Alegre por ser humilde

        4. «Engrandece mi alma al Señor...» (Lucas 1, 46). Durante su encuentro con Isabel, los sentimientos de María se reflejan con fuerza en el cántico del «Magnificat». Sus labios expresan la expectativa llena de esperanza de «los pobres del Señor» así como la conciencia del cumplimiento de las promesas, pues Dios «se acordó de su misericordia» (Cf. Lucas 1, 54).
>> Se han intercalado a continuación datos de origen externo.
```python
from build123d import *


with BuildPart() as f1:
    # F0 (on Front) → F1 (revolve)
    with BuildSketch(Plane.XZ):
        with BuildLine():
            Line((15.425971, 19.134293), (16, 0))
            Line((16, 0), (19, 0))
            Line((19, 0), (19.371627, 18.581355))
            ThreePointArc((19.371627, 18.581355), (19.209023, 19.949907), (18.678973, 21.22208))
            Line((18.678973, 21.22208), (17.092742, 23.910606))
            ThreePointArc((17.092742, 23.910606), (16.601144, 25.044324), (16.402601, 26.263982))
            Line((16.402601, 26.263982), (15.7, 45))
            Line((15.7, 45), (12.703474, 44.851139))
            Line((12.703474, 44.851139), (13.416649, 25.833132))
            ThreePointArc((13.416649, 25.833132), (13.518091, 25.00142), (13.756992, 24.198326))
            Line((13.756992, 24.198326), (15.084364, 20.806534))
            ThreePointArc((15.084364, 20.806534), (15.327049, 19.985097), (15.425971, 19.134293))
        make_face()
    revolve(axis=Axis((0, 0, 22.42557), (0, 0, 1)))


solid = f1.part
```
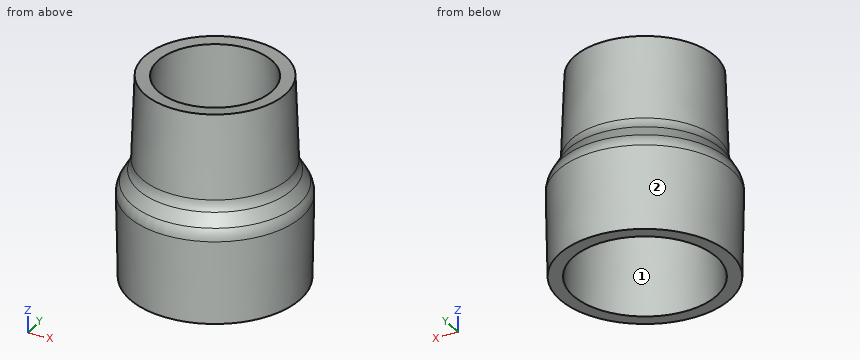
The listing builds one solid part. Answer for the finished solid, in the listing's coordinates (mm). Face numbers are marked on the shaded views. Give positions to 0.01 mm unless a question says otherwise; leave off trailing zeros. Order: outer loops, then holes, each group sorted by start corner. A loop starts at its lowest first (then second) coordinate and runs counter-clockwise, first axis right, second up. Notation, with made-up numbers: (24.5, 17.25) -> (47.5, 17.25) arc R5 ccw to (47.5, 24.25) -> close; hole circle Ø3 at (-33, -33). An arc over 180 degrees is marked (long way). Answer as a JSON object with one key per item and string values. Group by question number.
Item 1: Consider L1, parallel to Y at x = -4, z = 35; L2, parallel to X at y = 7.5, z = 6; L3, parallel to Y at x = 11, z = 31.5. Determine where each line is inside the solid, lowest interval first. Write a range as from..to.
Item 2: Flat-ended cylindrical pins translate along their axes: pin 1 (8 mm diameter, centred on x = 6, y = 6.5, fed in from +Z); pin 2 (10 mm diameter, centred on x = -12, z = 24.5, fed in from -Y); pin 3 (3 mm diameter, centred on y = -9, z = 35.5, fed in from +X). Find the tip coordinate at first contact, or state that the pin passes through.
Item 3: Determine the mould class of the marked faces 1 and 2 for opening direction X: pulls with the +X half, pulls with the -X half, needs draft (parallel to the pull), parting line crosses it, or undercut.
Item 4: The part is cut by section B-B on z = 32.5. Write down the section's boundary in (x, y), and give its area (3 significant figures).
Item 5: The part is cut by section A-A on z = 15. Write down the section's boundary in (x, y), and give its area (3 significant figures).
Result set:
{
 "1": {"L1": "-15.57..-12.45, 12.45..15.57", "L2": "-17.59..-13.93, 13.93..17.59", "L3": "-11.9..-7.3, 7.3..11.9"},
 "2": {"pin 1": "z = 44.86", "pin 2": "y = -16.81", "pin 3": "x = 14.2"},
 "3": {"face 1": "undercut", "face 2": "parting line crosses it"},
 "4": {"outline": "circle Ø32.34 at (0, 0); hole circle Ø26.33 at (0, 0)", "area": "277 mm²"},
 "5": {"outline": "circle Ø38.6 at (0, 0); hole circle Ø31.1 at (0, 0)", "area": "411 mm²"}
}

        De esta conciencia surge precisamente la alegría de la Virgen María, que se refleja en todo el cántico: alegría de saber que Dios «ha puesto los ojos» en su «humildad» (Cf. Lucas 1, 48); alegría a causa del «servicio» que puede realizar, gracias a las «maravillas» a las que le ha llamado el Todopoderoso (Cf. Lucas 1, 49); alegría por experimentar con antelación las bienaventuranzas escatológicas, reservadas a los «humildes» y a los «hambrientos» (Cf. Lucas 1, 52-53).

        Tras el «Magnificat» viene el silencio; no se dice nada de los tres meses de presencia de María junto a su prima Isabel. O quizá se nos dice lo más importante: el bien no hace ruido, la fuerza del amor se expresa en la tranquila discreción del servicio cotidiano.

Garantía de victoria

        5. Con sus palabras y con su silencio, la Virgen María se nos presenta como un modelo en nuestro camino. Es un camino que no es fácil: por la falta de sus primeros padres, la humanidad lleva en sí la herida del pecado, cuyas consecuencias siguen experimentando los redimidos. ¡Pero el mal y la muerte no tendrán la última palabra! María lo confirma con toda su existencia, en cuanto testigo viviente de la victoria de Cristo, nuestra Pascua.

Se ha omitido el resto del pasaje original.